Information provided below:
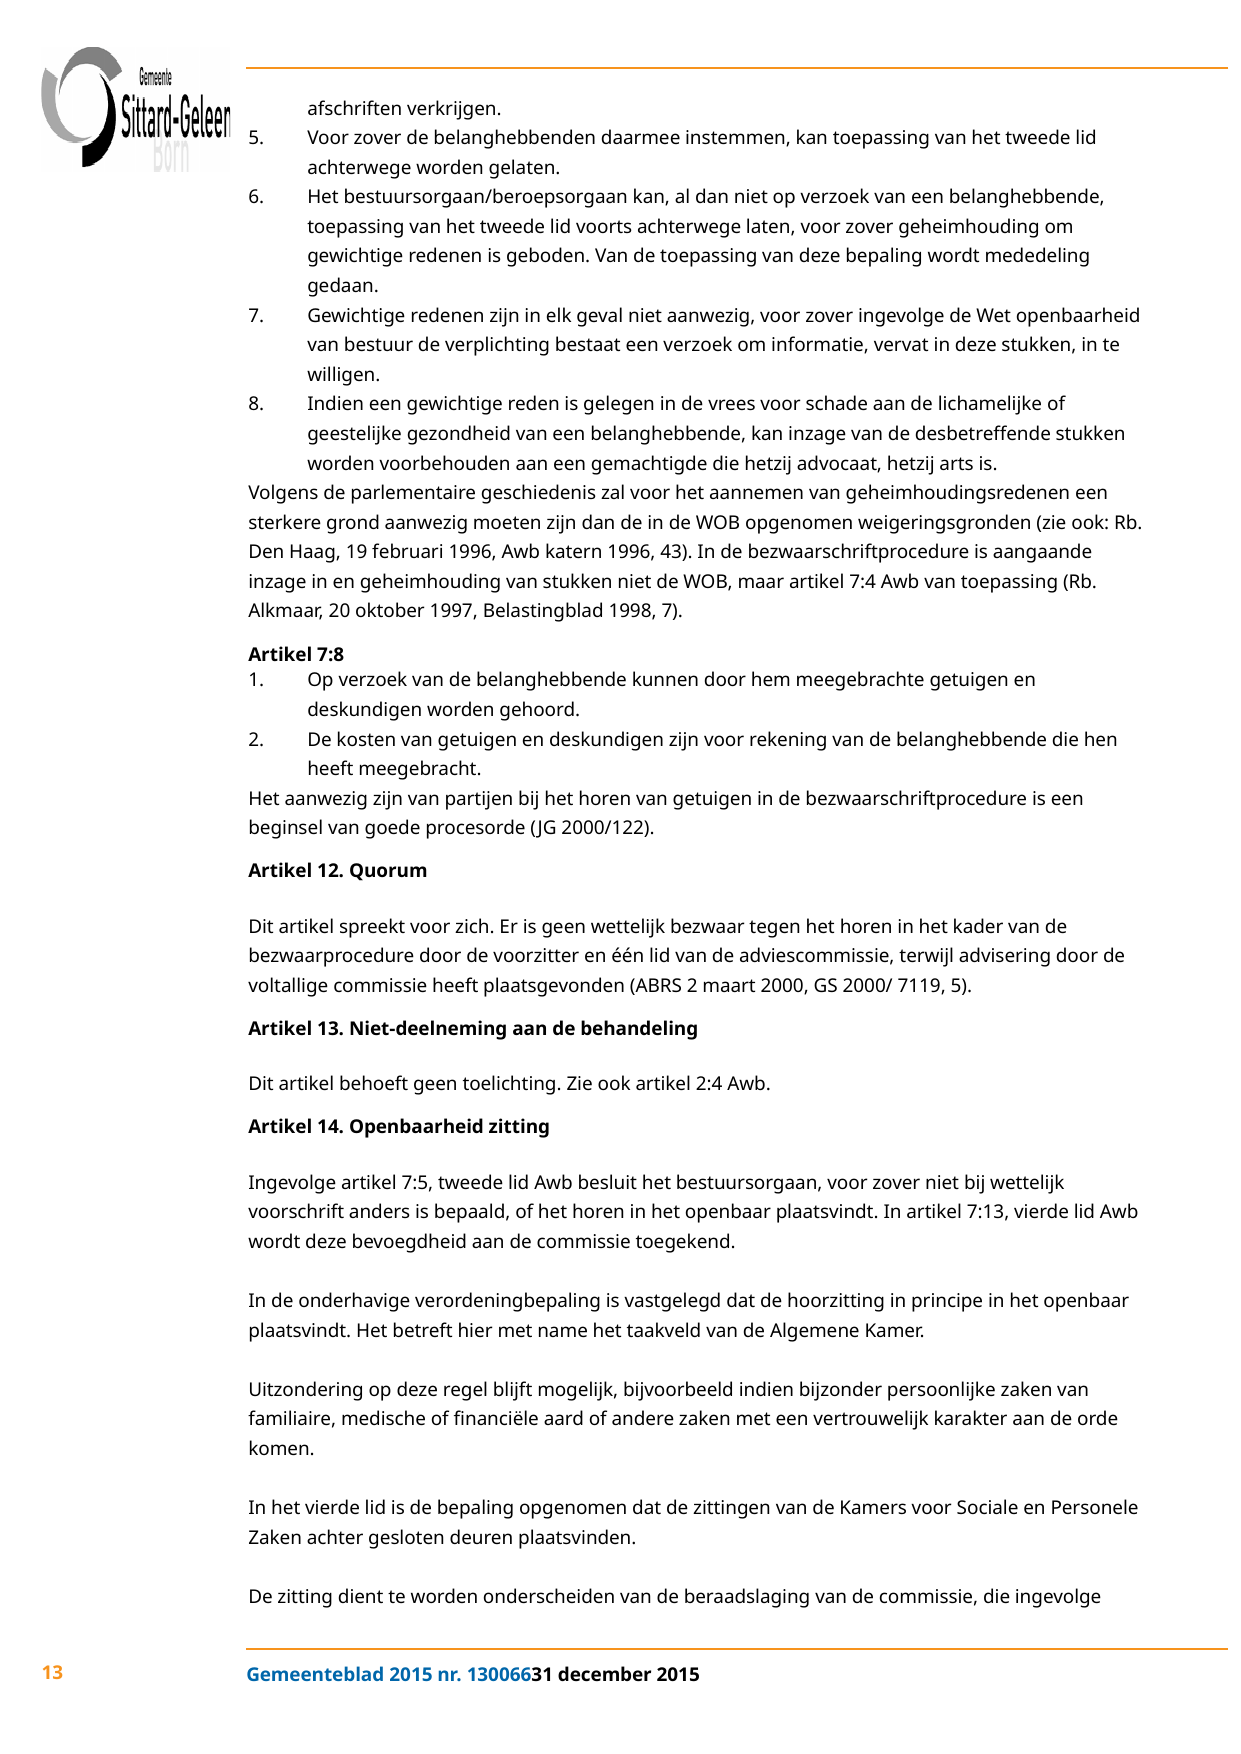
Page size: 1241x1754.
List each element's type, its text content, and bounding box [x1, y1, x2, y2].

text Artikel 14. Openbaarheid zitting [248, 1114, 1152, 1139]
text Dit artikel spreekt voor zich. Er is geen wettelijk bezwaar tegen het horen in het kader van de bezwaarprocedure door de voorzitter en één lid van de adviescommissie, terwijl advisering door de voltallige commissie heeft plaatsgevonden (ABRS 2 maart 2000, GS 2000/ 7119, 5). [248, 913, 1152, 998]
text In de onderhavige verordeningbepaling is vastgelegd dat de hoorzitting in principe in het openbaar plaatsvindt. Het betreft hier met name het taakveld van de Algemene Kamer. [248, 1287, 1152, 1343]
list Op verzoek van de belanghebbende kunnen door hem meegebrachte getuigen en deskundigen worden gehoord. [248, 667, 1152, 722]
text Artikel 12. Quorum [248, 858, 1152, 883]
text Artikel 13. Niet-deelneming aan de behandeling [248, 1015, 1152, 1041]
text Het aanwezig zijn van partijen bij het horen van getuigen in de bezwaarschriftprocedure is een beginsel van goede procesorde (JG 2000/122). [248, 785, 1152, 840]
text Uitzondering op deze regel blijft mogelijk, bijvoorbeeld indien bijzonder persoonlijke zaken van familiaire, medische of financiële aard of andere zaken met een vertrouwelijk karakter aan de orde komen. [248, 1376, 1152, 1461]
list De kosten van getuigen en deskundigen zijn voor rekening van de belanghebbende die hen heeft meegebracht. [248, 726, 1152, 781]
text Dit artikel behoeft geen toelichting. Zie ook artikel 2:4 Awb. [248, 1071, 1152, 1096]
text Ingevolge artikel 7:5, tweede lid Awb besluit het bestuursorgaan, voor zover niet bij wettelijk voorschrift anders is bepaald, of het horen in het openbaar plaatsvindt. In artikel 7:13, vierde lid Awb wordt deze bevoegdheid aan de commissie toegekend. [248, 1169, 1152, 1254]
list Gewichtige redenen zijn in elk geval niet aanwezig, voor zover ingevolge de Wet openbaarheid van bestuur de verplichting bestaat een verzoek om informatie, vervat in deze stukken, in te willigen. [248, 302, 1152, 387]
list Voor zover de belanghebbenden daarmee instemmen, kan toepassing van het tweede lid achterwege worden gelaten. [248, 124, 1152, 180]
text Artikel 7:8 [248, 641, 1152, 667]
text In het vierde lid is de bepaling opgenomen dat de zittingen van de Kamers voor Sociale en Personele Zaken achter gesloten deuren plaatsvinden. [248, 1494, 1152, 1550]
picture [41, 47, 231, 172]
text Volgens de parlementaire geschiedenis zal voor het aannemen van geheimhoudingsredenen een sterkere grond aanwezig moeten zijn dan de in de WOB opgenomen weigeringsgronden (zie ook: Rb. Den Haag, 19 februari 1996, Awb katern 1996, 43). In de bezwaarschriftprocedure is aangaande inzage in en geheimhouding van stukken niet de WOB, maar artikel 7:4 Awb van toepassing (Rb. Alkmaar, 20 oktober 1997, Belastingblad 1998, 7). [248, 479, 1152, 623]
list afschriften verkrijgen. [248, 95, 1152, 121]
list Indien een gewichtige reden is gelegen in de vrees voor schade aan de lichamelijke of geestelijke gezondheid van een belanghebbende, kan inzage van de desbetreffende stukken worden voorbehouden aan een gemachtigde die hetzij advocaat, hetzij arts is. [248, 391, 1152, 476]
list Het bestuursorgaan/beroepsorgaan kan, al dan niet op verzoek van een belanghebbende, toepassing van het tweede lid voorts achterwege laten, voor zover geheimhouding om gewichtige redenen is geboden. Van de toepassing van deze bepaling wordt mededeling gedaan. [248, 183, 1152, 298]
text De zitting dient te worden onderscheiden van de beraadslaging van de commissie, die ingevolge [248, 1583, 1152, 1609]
End of Information provided.
== Brief ==
An exact reproduction of the data above is required, with every picture removed.

== Completed exercise ==
Page size: 1241x1754.
List each element's type, its text content, and bounding box [x1, y1, x2, y2].

text Artikel 14. Openbaarheid zitting [248, 1114, 1152, 1139]
text Dit artikel spreekt voor zich. Er is geen wettelijk bezwaar tegen het horen in het kader van de bezwaarprocedure door de voorzitter en één lid van de adviescommissie, terwijl advisering door de voltallige commissie heeft plaatsgevonden (ABRS 2 maart 2000, GS 2000/ 7119, 5). [248, 913, 1152, 998]
text In de onderhavige verordeningbepaling is vastgelegd dat de hoorzitting in principe in het openbaar plaatsvindt. Het betreft hier met name het taakveld van de Algemene Kamer. [248, 1287, 1152, 1343]
list Op verzoek van de belanghebbende kunnen door hem meegebrachte getuigen en deskundigen worden gehoord. [248, 667, 1152, 722]
text Artikel 12. Quorum [248, 858, 1152, 883]
text Artikel 13. Niet-deelneming aan de behandeling [248, 1015, 1152, 1041]
text Het aanwezig zijn van partijen bij het horen van getuigen in de bezwaarschriftprocedure is een beginsel van goede procesorde (JG 2000/122). [248, 785, 1152, 840]
text Uitzondering op deze regel blijft mogelijk, bijvoorbeeld indien bijzonder persoonlijke zaken van familiaire, medische of financiële aard of andere zaken met een vertrouwelijk karakter aan de orde komen. [248, 1376, 1152, 1461]
list De kosten van getuigen en deskundigen zijn voor rekening van de belanghebbende die hen heeft meegebracht. [248, 726, 1152, 781]
text Dit artikel behoeft geen toelichting. Zie ook artikel 2:4 Awb. [248, 1071, 1152, 1096]
text Ingevolge artikel 7:5, tweede lid Awb besluit het bestuursorgaan, voor zover niet bij wettelijk voorschrift anders is bepaald, of het horen in het openbaar plaatsvindt. In artikel 7:13, vierde lid Awb wordt deze bevoegdheid aan de commissie toegekend. [248, 1169, 1152, 1254]
list Gewichtige redenen zijn in elk geval niet aanwezig, voor zover ingevolge de Wet openbaarheid van bestuur de verplichting bestaat een verzoek om informatie, vervat in deze stukken, in te willigen. [248, 302, 1152, 387]
list Voor zover de belanghebbenden daarmee instemmen, kan toepassing van het tweede lid achterwege worden gelaten. [248, 124, 1152, 180]
text Artikel 7:8 [248, 641, 1152, 667]
text In het vierde lid is de bepaling opgenomen dat de zittingen van de Kamers voor Sociale en Personele Zaken achter gesloten deuren plaatsvinden. [248, 1494, 1152, 1550]
picture [41, 47, 231, 172]
text Volgens de parlementaire geschiedenis zal voor het aannemen van geheimhoudingsredenen een sterkere grond aanwezig moeten zijn dan de in de WOB opgenomen weigeringsgronden (zie ook: Rb. Den Haag, 19 februari 1996, Awb katern 1996, 43). In de bezwaarschriftprocedure is aangaande inzage in en geheimhouding van stukken niet de WOB, maar artikel 7:4 Awb van toepassing (Rb. Alkmaar, 20 oktober 1997, Belastingblad 1998, 7). [248, 479, 1152, 623]
list afschriften verkrijgen. [248, 95, 1152, 121]
list Indien een gewichtige reden is gelegen in de vrees voor schade aan de lichamelijke of geestelijke gezondheid van een belanghebbende, kan inzage van de desbetreffende stukken worden voorbehouden aan een gemachtigde die hetzij advocaat, hetzij arts is. [248, 391, 1152, 476]
list Het bestuursorgaan/beroepsorgaan kan, al dan niet op verzoek van een belanghebbende, toepassing van het tweede lid voorts achterwege laten, voor zover geheimhouding om gewichtige redenen is geboden. Van de toepassing van deze bepaling wordt mededeling gedaan. [248, 183, 1152, 298]
text De zitting dient te worden onderscheiden van de beraadslaging van de commissie, die ingevolge [248, 1583, 1152, 1609]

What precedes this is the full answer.